→ YOUR GOAL:
Without any pictures, print the lines below from the one that has "Gain2: gain, k1; input [Integrator1]" through the one that has "- trace 2: 10", exactly and nothing else.

┌─ EXTRACTED DATA

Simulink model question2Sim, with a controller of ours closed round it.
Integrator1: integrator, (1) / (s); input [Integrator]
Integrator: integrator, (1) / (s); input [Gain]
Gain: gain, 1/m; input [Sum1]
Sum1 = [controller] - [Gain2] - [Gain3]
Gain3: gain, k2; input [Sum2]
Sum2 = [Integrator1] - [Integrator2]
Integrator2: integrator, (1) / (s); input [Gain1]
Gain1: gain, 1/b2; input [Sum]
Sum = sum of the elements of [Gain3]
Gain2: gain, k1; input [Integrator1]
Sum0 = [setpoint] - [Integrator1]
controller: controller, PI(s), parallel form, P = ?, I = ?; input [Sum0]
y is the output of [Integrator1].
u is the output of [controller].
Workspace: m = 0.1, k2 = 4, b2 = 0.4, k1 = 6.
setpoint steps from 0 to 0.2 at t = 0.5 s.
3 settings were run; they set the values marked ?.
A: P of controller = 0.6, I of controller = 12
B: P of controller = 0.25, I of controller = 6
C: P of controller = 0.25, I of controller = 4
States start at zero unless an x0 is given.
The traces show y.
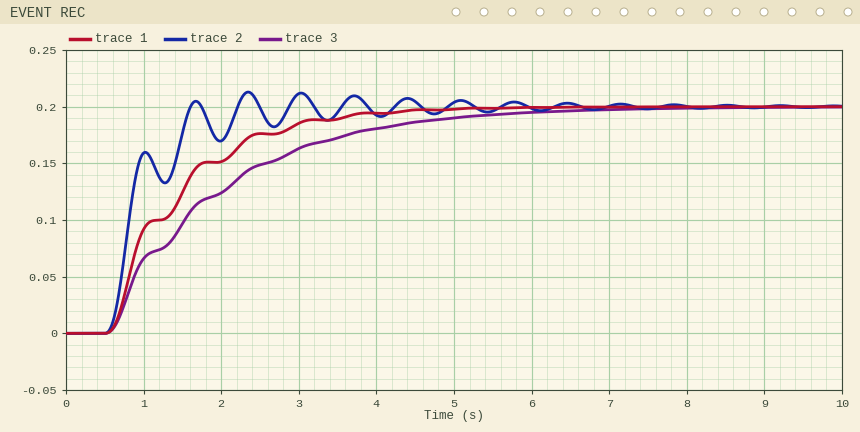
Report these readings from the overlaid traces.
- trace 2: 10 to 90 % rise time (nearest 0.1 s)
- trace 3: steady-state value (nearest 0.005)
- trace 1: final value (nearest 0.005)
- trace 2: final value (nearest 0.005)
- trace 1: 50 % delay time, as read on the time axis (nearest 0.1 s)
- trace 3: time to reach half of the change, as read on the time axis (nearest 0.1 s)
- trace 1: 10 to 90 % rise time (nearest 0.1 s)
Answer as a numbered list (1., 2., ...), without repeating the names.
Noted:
1. 0.9 s
2. 0.200
3. 0.200
4. 0.200
5. 1.2 s
6. 1.5 s
7. 2.2 s
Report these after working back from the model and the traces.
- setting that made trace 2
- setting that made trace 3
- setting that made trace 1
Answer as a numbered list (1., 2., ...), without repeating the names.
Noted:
1. A
2. C
3. B

└─

→ RESPONSE TO THIS TASK:
Gain2: gain, k1; input [Integrator1]
Sum0 = [setpoint] - [Integrator1]
controller: controller, PI(s), parallel form, P = ?, I = ?; input [Sum0]
y is the output of [Integrator1].
u is the output of [controller].
Workspace: m = 0.1, k2 = 4, b2 = 0.4, k1 = 6.
setpoint steps from 0 to 0.2 at t = 0.5 s.
3 settings were run; they set the values marked ?.
A: P of controller = 0.6, I of controller = 12
B: P of controller = 0.25, I of controller = 6
C: P of controller = 0.25, I of controller = 4
States start at zero unless an x0 is given.
The traces show y.
Report these readings from the overlaid traces.
- trace 2: 10 to 90 % rise time (nearest 0.1 s)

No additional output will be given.